Introduction

Many resources have emerged that provide raw or integrated proteomics data in the public domain. Among them, ProteomeXchange consortium (including PRIDE Archive, MassIVE, JPOST or IProx) define a group of guidelines to ensure the quality of the data and the metadata associated with the datasets.

Unfortunately, proteomics experimental design and sample related information are often missing in public repositories or stored in very diverse ways and formats. For example:

  • CPTAC consortium provides for every dataset a set of excel files with the information on each sample (e.g. S048) including tumor size, origin, but also how every sample is related to a specific raw file (e.g. instrument configuration parameters).

  • ProteomicsDB, captures for each sample in the database a minimum number of properties to describe the sample and the related experimental protocol such as tissue, digestion method and instrument (e.g. Project 4267).

  • ProteomeXchange submissions only required a minimum unstructured metadata such as species, instruments, post-translational modifications or disease. This metadata is captured at the project level making difficult to associate each specific metadata term with the samples in the study (Figure 1).

Note

The lack of detailed and well-structure metadata at a sample level prevents data interpretation, reproducibility, and integration of data from different resources.

_images/sample-metadata.png

Figure 1: SDRF-Proteomics file format stores the information of the sample and its relation to the data files in the dataset. The file format includes not only information about the sample but also about how the data was acquired and processed.

Important

The following use cases can be defined for the format:

  • Capturing the experimental design of a proteomics experiment, particularly the relationship between the samples analyzed and the instrument files generated during data acquisition in the laboratory.

  • Capturing sample metadata, including information on the source and any treatments applied that could affect data analysis.

  • Providing comprehensive metadata for instrument files, so that users can have a general understanding of how the data was acquired.

Specifications

The SDRF-Proteomics format describes the sample characteristics and the relationships between samples and data files included in a dataset. The information in SDRF files is organised so that it follows the natural flow of a proteomics experiment. The main requirements to be fulfilled for the SDRF-Proteomics format are:

  • The SDRF file is a tab-delimited format where each ROW corresponds to a relationship between a Sample and a Data file.

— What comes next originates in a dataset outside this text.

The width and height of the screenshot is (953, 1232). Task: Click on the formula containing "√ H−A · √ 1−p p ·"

  • Each column MUST correspond to an attribute/property of the Sample or the Data file.

  • Each value in each cell MUST be the property for a given Sample or Data file.

  • The SDRF file must start with columns describing the properties of the sample (e.g. organism, disease, phenotype etc), followed by the properties of data files which was generated from the analysis of the experimental results (e.g. label, faction identifier, data file etc).

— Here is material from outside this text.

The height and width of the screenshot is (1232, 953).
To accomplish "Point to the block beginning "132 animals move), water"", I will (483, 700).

  • Support for handling unknown values/characteristics.

Caution

The SDRF-Proteomics aims to capture the sample metadata and its relationship with the data files (e.g., raw files from mass spectrometers). The SDRF-Proteomics does not aim to capture the downstream analysis part of the experimental design including details of which samples were compared to which other samples, how samples are combined into study variables or parameters for the downstream analysis such as FDR or p-values thresholds.